Mechanisms of platelet activation: Need for new strategies to protect against platelet-mediated atherothrombosis

Abstract

Platelets are central mediators of haemostasis at sites of vascular injury, but they also mediate pathologic thrombosis. Activated platelets stimulate thrombus formation in response to rupture of an atherosclerotic plaque or endothelial cell erosion, promoting atherothrombotic disease. They also interact with endothelial cells and leukocytes to promote inflammation, which contributes to atherosclerosis. Multiple pathways contribute to platelet activation, and current oral antiplatelet therapy with aspirin and a P2Y(12) adenosine diphosphate (ADP) receptor antagonist target the thromboxane A(2) and ADP pathways, respectively. Both can diminish activation by other factors, but the extent of their effects depends upon the agonist, agonist strength, and platelet reactivity status. Although these agents have demonstrated significant clinical benefit, residual morbidity and mortality remain high.

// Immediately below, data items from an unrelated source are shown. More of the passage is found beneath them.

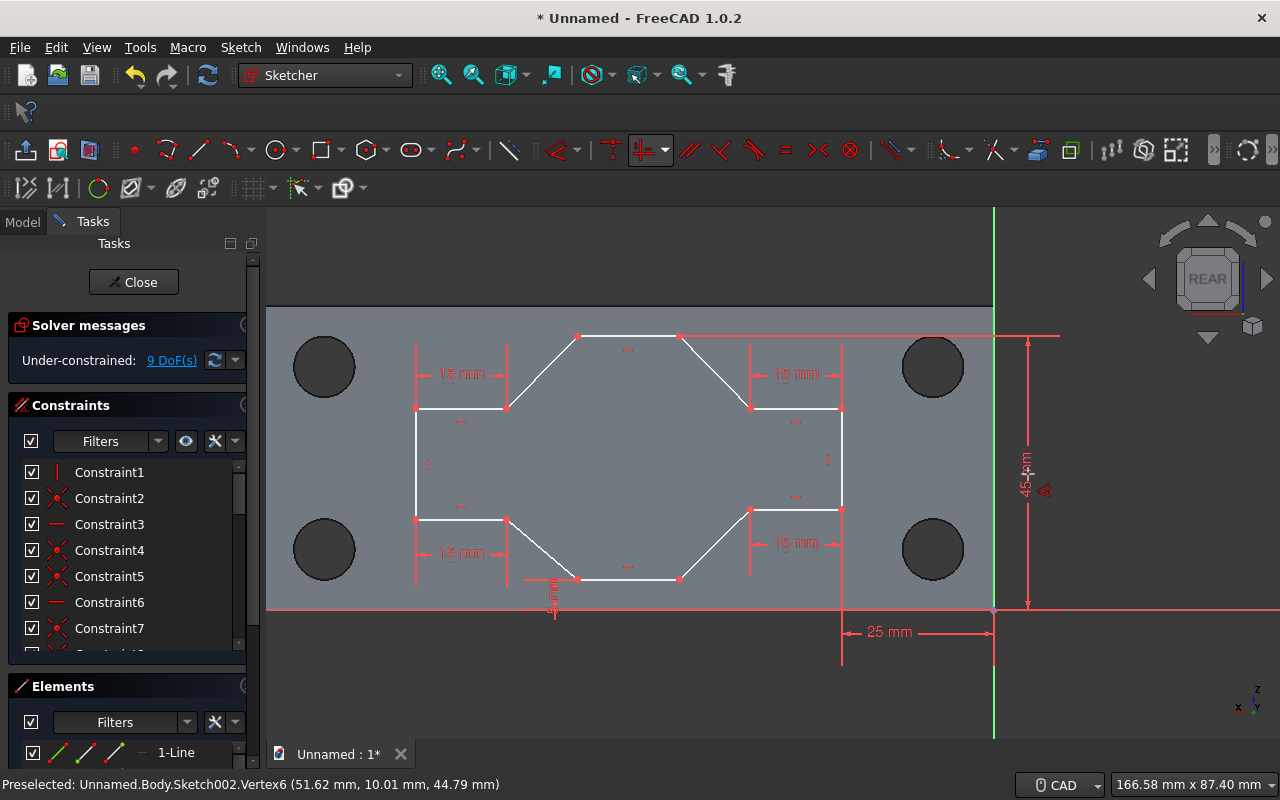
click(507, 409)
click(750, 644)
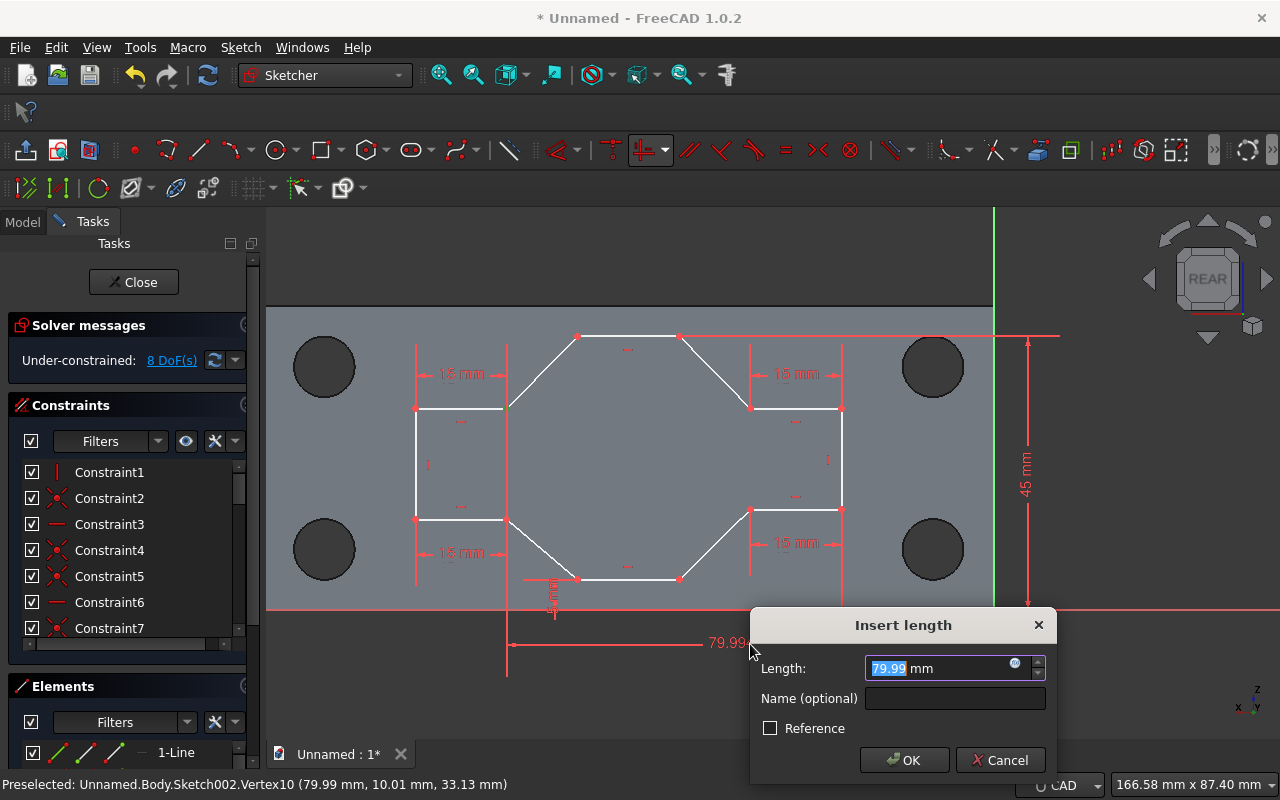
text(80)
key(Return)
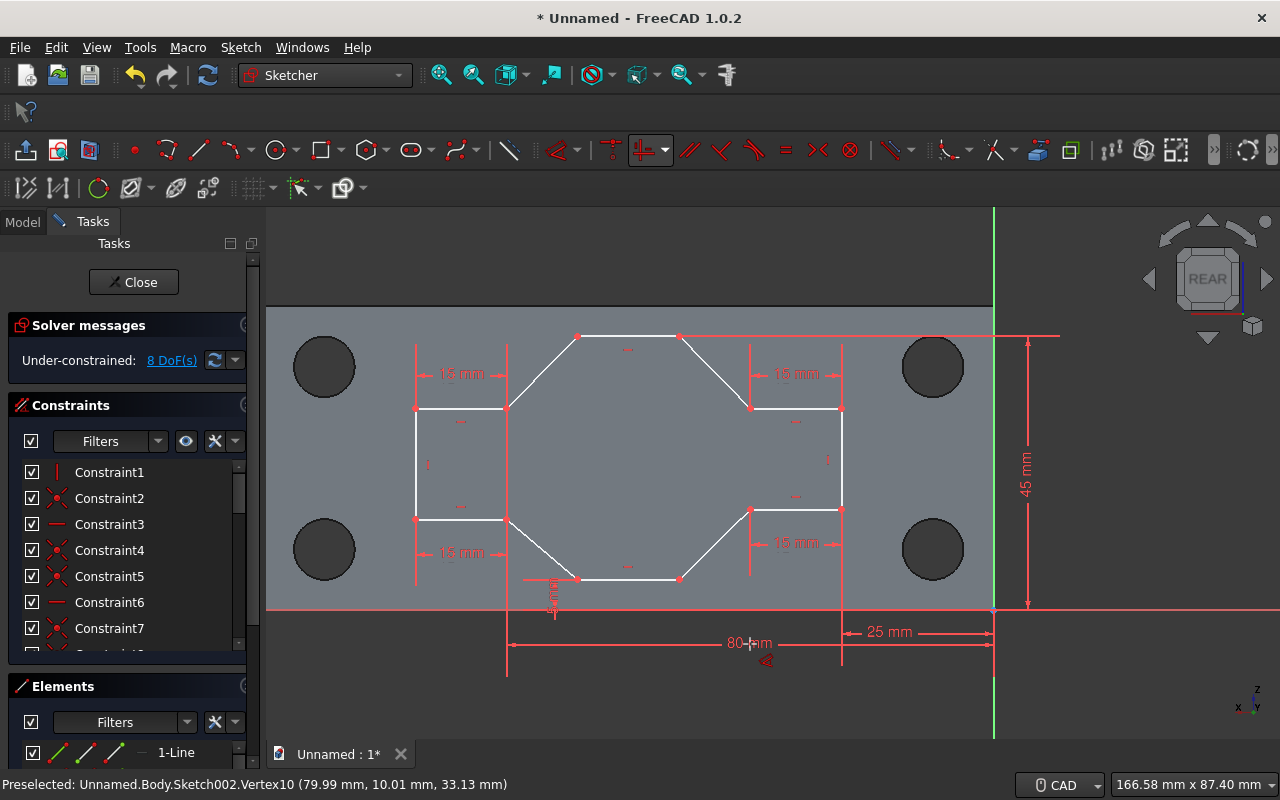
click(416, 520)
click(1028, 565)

Neither agent is effective in inhibiting thrombin, the most potent platelet activator. This lack of comprehensive inhibition of platelet function allows continued thrombus formation and exposes patients to risk for recurrent thrombotic events. Moreover, bleeding risk is a substantial limitation of antiplatelet therapy, because these agents target platelet activation pathways critical for both protective haemostasis and pathologic thrombosis. Novel antiplatelet therapies that provide more complete inhibition of platelet activation without increasing bleeding risk could considerably decrease residual risk for ischemic events. Inhibition of the protease-activated receptor (PAR)-1 platelet activation pathway stimulated by thrombin is a novel, emerging approach to achieve more comprehensive inhibition of platelet activation when used in combination with current oral antiplatelet agents. PAR-1 inhibition is not expected to increase bleeding risk, as this pathway does not interfere with haemostasis.